Entries taken from a collection:

______

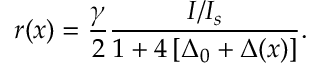Convert formula to latex. <formula><loc_0><loc_0><loc_500><loc_500>r ( x ) = \frac { \gamma } { 2 } \frac { I / I _ { s } } { 1 + 4 \left [ \Delta _ { 0 } + \Delta ( x ) \right ] } .</formula> 
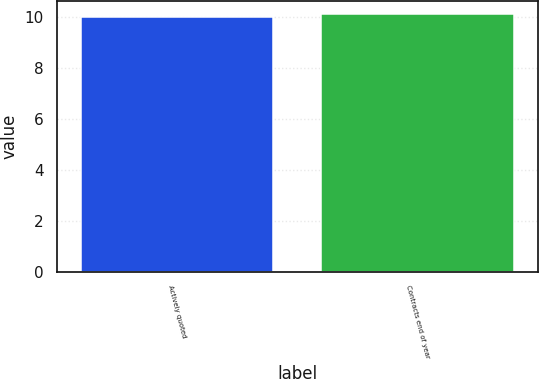<chart> <loc_0><loc_0><loc_500><loc_500><bar_chart><fcel>Actively quoted<fcel>Contracts end of year<nl><fcel>10<fcel>10.1<nl></chart> 
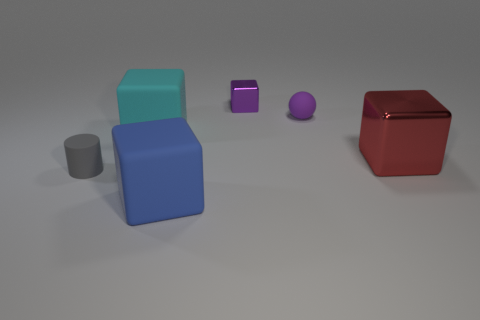Add 3 cyan matte blocks. How many objects exist? 9 Subtract all cyan blocks. How many blocks are left? 3 Subtract all large blue blocks. How many blocks are left? 3 Subtract all blocks. How many objects are left? 2 Subtract 1 cylinders. How many cylinders are left? 0 Subtract all blue blocks. Subtract all gray cylinders. How many blocks are left? 3 Subtract all gray blocks. How many yellow balls are left? 0 Subtract all big brown matte cylinders. Subtract all big metal objects. How many objects are left? 5 Add 3 gray matte cylinders. How many gray matte cylinders are left? 4 Add 6 tiny brown shiny spheres. How many tiny brown shiny spheres exist? 6 
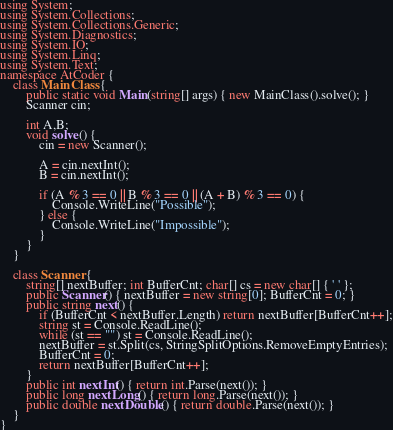<code> <loc_0><loc_0><loc_500><loc_500><_C#_>using System;
using System.Collections;
using System.Collections.Generic;
using System.Diagnostics;
using System.IO;
using System.Linq;
using System.Text;
namespace AtCoder {
    class MainClass {
        public static void Main(string[] args) { new MainClass().solve(); }
        Scanner cin;

        int A,B;
        void solve() {
            cin = new Scanner();

            A = cin.nextInt();
            B = cin.nextInt();

            if (A % 3 == 0 || B % 3 == 0 || (A + B) % 3 == 0) {
                Console.WriteLine("Possible");
            } else {
                Console.WriteLine("Impossible");
            }
        }
    }

    class Scanner {
        string[] nextBuffer; int BufferCnt; char[] cs = new char[] { ' ' };
        public Scanner() { nextBuffer = new string[0]; BufferCnt = 0; }
        public string next() {
            if (BufferCnt < nextBuffer.Length) return nextBuffer[BufferCnt++];
            string st = Console.ReadLine();
            while (st == "") st = Console.ReadLine();
            nextBuffer = st.Split(cs, StringSplitOptions.RemoveEmptyEntries);
            BufferCnt = 0;
            return nextBuffer[BufferCnt++];
        }
        public int nextInt() { return int.Parse(next()); }
        public long nextLong() { return long.Parse(next()); }
        public double nextDouble() { return double.Parse(next()); }
    }
}</code> 
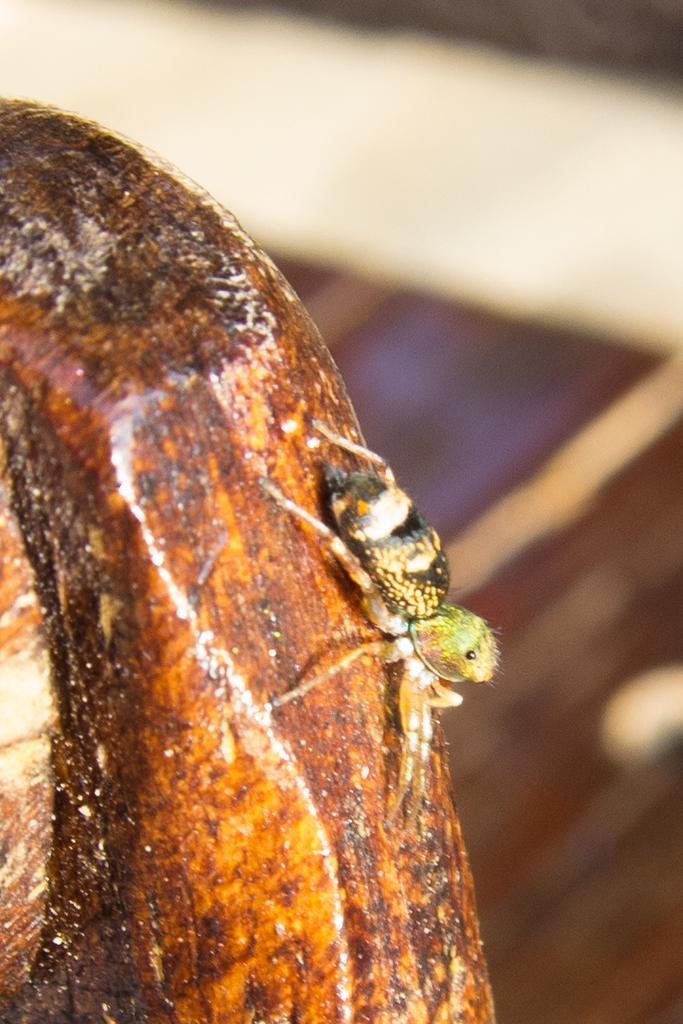Please provide a concise description of this image. In this image there is an insect on a wood, in the background it is blurred. 
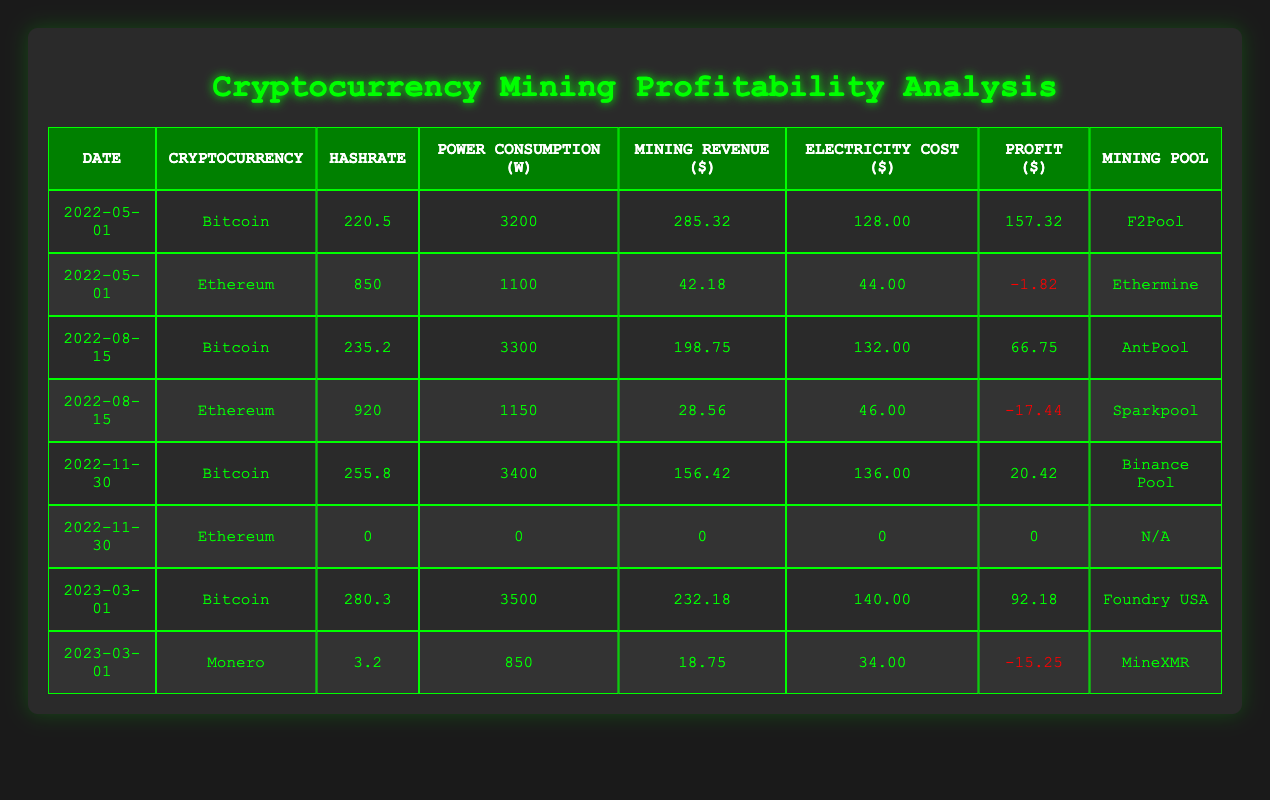What is the profit for Bitcoin on May 1, 2022? The profit for Bitcoin on May 1, 2022, is located directly in the table under the profit column in the corresponding row. It shows a profit of 157.32.
Answer: 157.32 What was the electricity cost for mining Ethereum on August 15, 2022? To find the electricity cost of Ethereum on August 15, 2022, check the row for Ethereum on that date, where the electricity cost is specified as 46.00.
Answer: 46.00 Which cryptocurrency had the highest profit on March 1, 2023? To determine the highest profit on March 1, 2023, compare the profit values from the table for all cryptocurrencies listed on that date. Bitcoin has a profit of 92.18, while Monero has a profit of -15.25. Bitcoin has the highest profit.
Answer: Bitcoin What is the average mining revenue for Bitcoin across all the recorded dates? First, gather the mining revenue values for Bitcoin from each row: 285.32, 198.75, 156.42, and 232.18. Next, add these values together: 285.32 + 198.75 + 156.42 + 232.18 = 872.67. Then divide by the total number of records for Bitcoin, which is 4: 872.67 / 4 = 218.17.
Answer: 218.17 Did Ethereum have a profit on November 30, 2022? By looking at the row for Ethereum on November 30, 2022, we see that the profit for this entry is 0, which means there was neither a profit nor a loss. Therefore, it can be concluded that Ethereum did not have a profit on this date.
Answer: No What was the total electricity cost for Bitcoin mining across all recorded dates? The electricity costs for Bitcoin are: 128.00 (May 1), 132.00 (August 15), 136.00 (November 30), and 140.00 (March 1). By adding these values, we find: 128.00 + 132.00 + 136.00 + 140.00 = 536.00, which is the total electricity cost for Bitcoin mining.
Answer: 536.00 Which mining pool yielded the least profit for Ethereum on August 15, 2022? The profit for Ethereum on August 15, 2022, is -17.44, which is lower than any other value in the profit column for Ethereum. The corresponding mining pool for this date is Sparkpool. Therefore, Sparkpool yielded the least profit for Ethereum on this date.
Answer: Sparkpool What was the hashrate for Monero on March 1, 2023? To find the hashrate for Monero on March 1, 2023, check the row corresponding to Monero for that date. The hashrate is listed as 3.2.
Answer: 3.2 
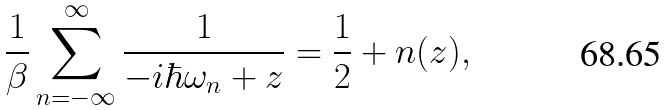<formula> <loc_0><loc_0><loc_500><loc_500>\frac { 1 } { \beta } \sum _ { n = - \infty } ^ { \infty } \frac { 1 } { - i \hbar { \omega } _ { n } + z } = \frac { 1 } { 2 } + n ( z ) ,</formula>

______

Task for the records above: copy every line in which the word "nextBuffer" occurs.

        string[] nextBuffer; int BufferCnt; char[] cs = new char[] { ' ' };
        public Scanner() { nextBuffer = new string[0]; BufferCnt = 0; }
            if (BufferCnt < nextBuffer.Length) return nextBuffer[BufferCnt++];
            nextBuffer = st.Split(cs, StringSplitOptions.RemoveEmptyEntries);
            return nextBuffer[BufferCnt++];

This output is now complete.